## Task goal
Every line from the one containing "- **hammer**: centre" through the end of the listing below must be given again exactly, and nothing else; exclude pictures.
###
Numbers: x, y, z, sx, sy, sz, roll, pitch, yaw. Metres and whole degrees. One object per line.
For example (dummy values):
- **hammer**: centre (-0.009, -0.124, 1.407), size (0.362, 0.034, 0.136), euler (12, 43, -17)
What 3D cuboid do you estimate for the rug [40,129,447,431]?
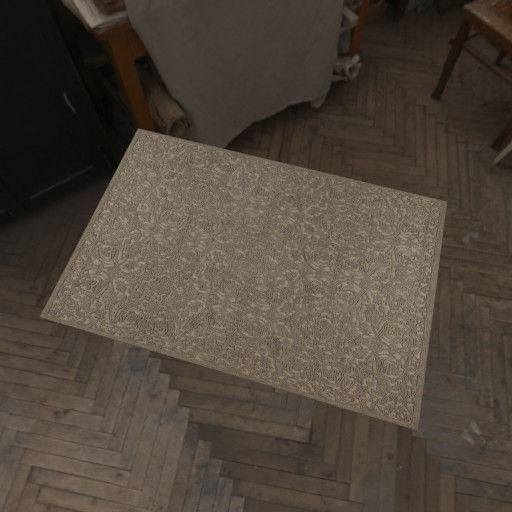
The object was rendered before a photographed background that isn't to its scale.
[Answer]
- **rug**: centre (0.000, 0.000, 2.292), size (1.827, 0.006, 1.221), euler (15, 65, 7)
###
## Response to the task
- **hammer**: centre (-0.009, -0.124, 1.407), size (0.362, 0.034, 0.136), euler (12, 43, -17)
What 3D cuboid do you estimate for the rug [40,129,447,431]?
The object was rendered before a photographed background that isn't to its scale.
[Answer]
- **rug**: centre (0.000, 0.000, 2.292), size (1.827, 0.006, 1.221), euler (15, 65, 7)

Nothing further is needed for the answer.